* **Data records**:
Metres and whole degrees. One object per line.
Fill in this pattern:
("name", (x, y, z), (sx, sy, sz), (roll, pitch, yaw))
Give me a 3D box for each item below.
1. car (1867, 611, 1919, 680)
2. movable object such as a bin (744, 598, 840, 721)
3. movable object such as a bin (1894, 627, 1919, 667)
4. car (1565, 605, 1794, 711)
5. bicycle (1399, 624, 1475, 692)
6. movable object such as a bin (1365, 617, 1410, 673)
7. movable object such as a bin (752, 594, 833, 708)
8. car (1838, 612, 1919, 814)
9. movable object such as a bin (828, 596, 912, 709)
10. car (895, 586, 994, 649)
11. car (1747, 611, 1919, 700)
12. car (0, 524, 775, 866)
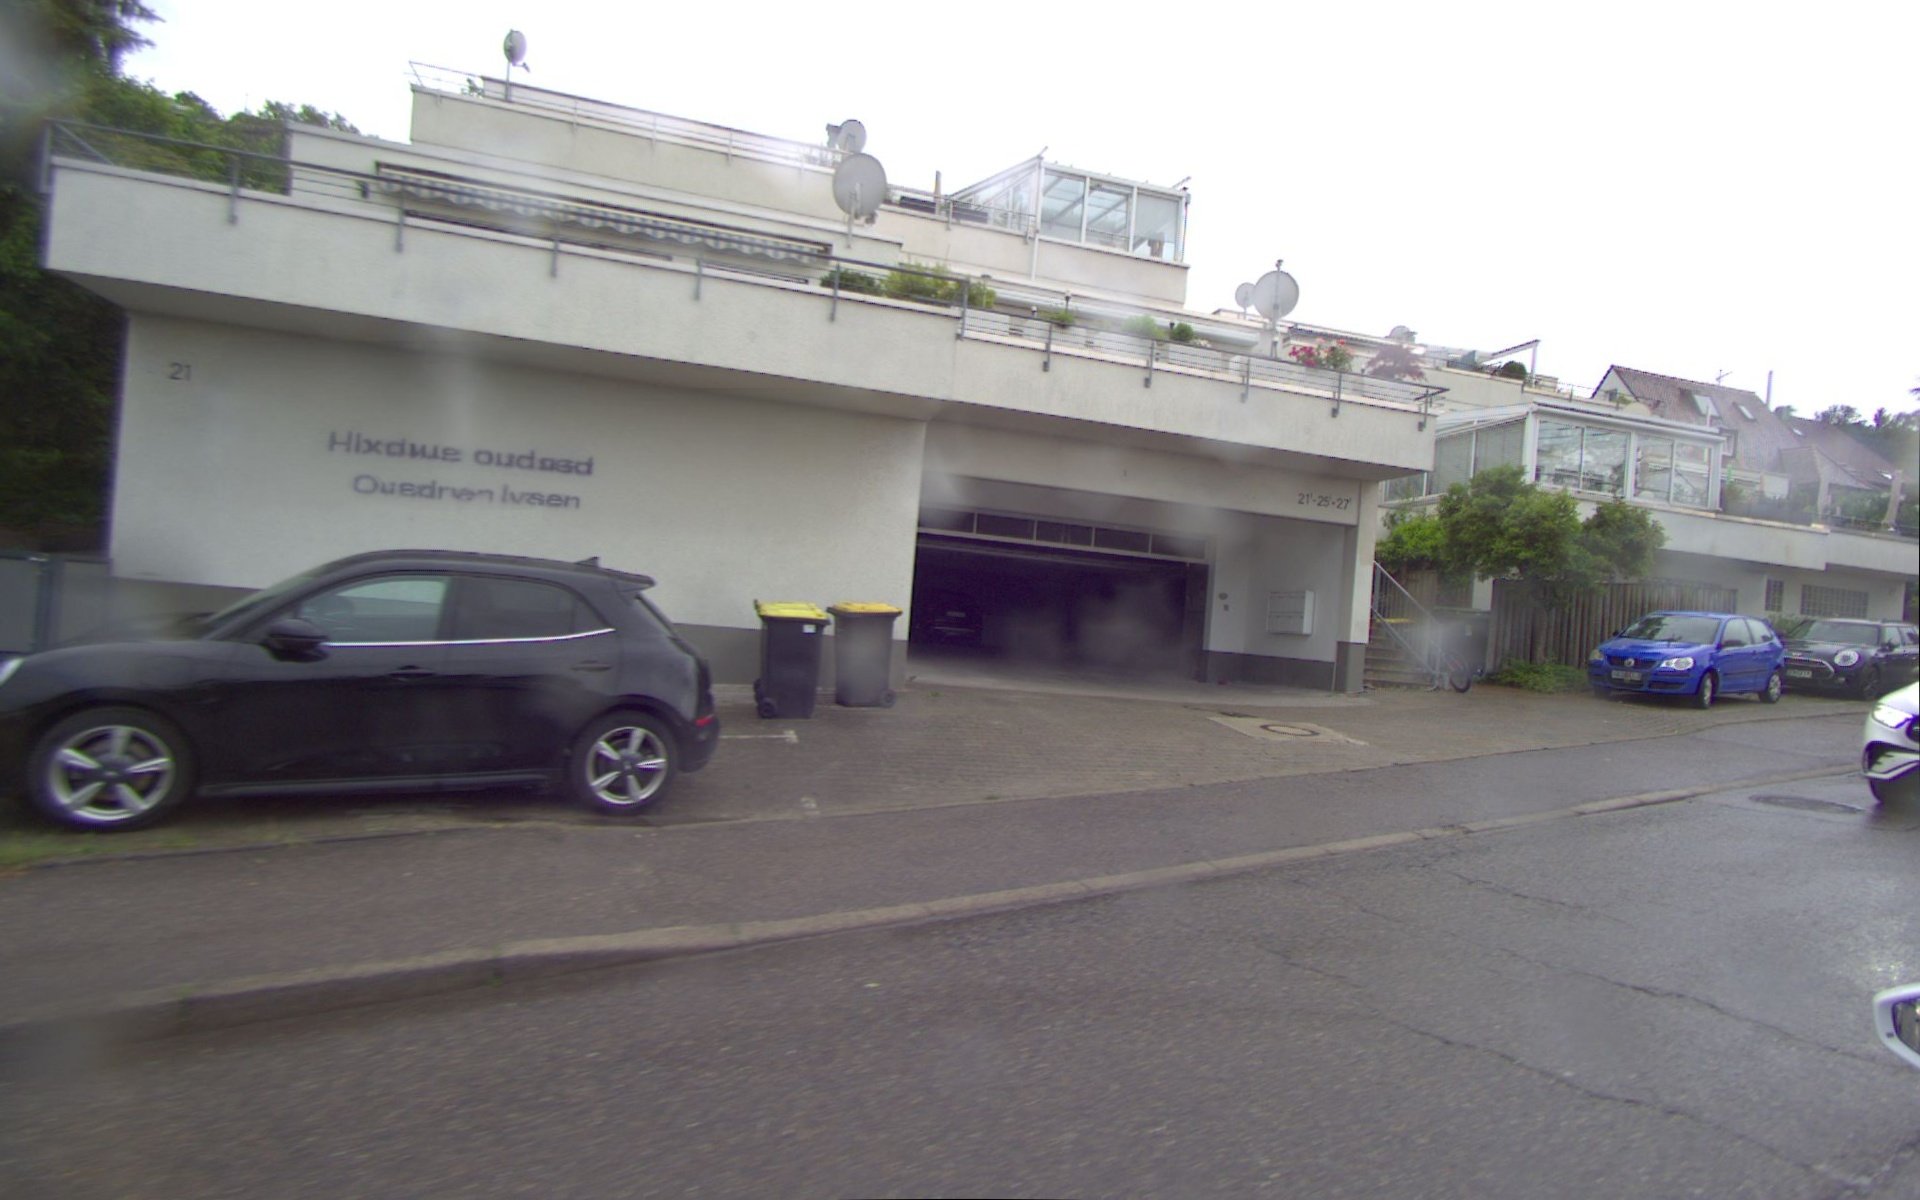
("car", (23.383, 1.112, 23.543), (4.534, 1.456, 1.765), (1, 4, -30))
("movable object such as a bin", (-1.663, 0.571, 9.899), (0.834, 1.085, 0.725), (3, 4, -12))
("movable object such as a bin", (26.746, 1.325, 28.130), (0.672, 1.070, 0.577), (2, 1, -18))
("car", (11.907, 0.893, 16.577), (3.913, 1.453, 1.598), (1, 4, -31))
("bicycle", (8.093, 0.957, 17.107), (0.469, 1.020, 1.568), (2, 1, -1))
("movable object such as a bin", (8.465, 0.887, 19.889), (0.552, 1.055, 0.546), (2, 2, -16))
("movable object such as a bin", (-1.781, 0.524, 10.596), (0.753, 1.085, 0.725), (3, 4, -12))
("car", (9.679, 0.951, 8.723), (4.332, 1.588, 1.790), (1, 0, -30))
("movable object such as a bin", (-0.974, 0.544, 10.733), (0.753, 1.085, 0.725), (3, 4, -12))
("car", (-0.501, 0.442, 27.865), (1.759, 1.515, 3.494), (4, 0, -18))
("car", (16.995, 1.024, 19.159), (4.189, 1.415, 1.625), (1, 3, -30))
("car", (-3.485, 0.471, 6.536), (4.143, 1.610, 1.682), (1, 6, -27))

* **What you are asked to do**: All of the material should be written out again exactly, apart from the pictures.

* **Output below**:
Metres and whole degrees. One object per line.
Fill in this pattern:
("name", (x, y, z), (sx, sy, sz), (roll, pitch, yaw))
Give me a 3D box for each item below.
1. car (1867, 611, 1919, 680)
2. movable object such as a bin (744, 598, 840, 721)
3. movable object such as a bin (1894, 627, 1919, 667)
4. car (1565, 605, 1794, 711)
5. bicycle (1399, 624, 1475, 692)
6. movable object such as a bin (1365, 617, 1410, 673)
7. movable object such as a bin (752, 594, 833, 708)
8. car (1838, 612, 1919, 814)
9. movable object such as a bin (828, 596, 912, 709)
10. car (895, 586, 994, 649)
11. car (1747, 611, 1919, 700)
12. car (0, 524, 775, 866)
("car", (23.383, 1.112, 23.543), (4.534, 1.456, 1.765), (1, 4, -30))
("movable object such as a bin", (-1.663, 0.571, 9.899), (0.834, 1.085, 0.725), (3, 4, -12))
("movable object such as a bin", (26.746, 1.325, 28.130), (0.672, 1.070, 0.577), (2, 1, -18))
("car", (11.907, 0.893, 16.577), (3.913, 1.453, 1.598), (1, 4, -31))
("bicycle", (8.093, 0.957, 17.107), (0.469, 1.020, 1.568), (2, 1, -1))
("movable object such as a bin", (8.465, 0.887, 19.889), (0.552, 1.055, 0.546), (2, 2, -16))
("movable object such as a bin", (-1.781, 0.524, 10.596), (0.753, 1.085, 0.725), (3, 4, -12))
("car", (9.679, 0.951, 8.723), (4.332, 1.588, 1.790), (1, 0, -30))
("movable object such as a bin", (-0.974, 0.544, 10.733), (0.753, 1.085, 0.725), (3, 4, -12))
("car", (-0.501, 0.442, 27.865), (1.759, 1.515, 3.494), (4, 0, -18))
("car", (16.995, 1.024, 19.159), (4.189, 1.415, 1.625), (1, 3, -30))
("car", (-3.485, 0.471, 6.536), (4.143, 1.610, 1.682), (1, 6, -27))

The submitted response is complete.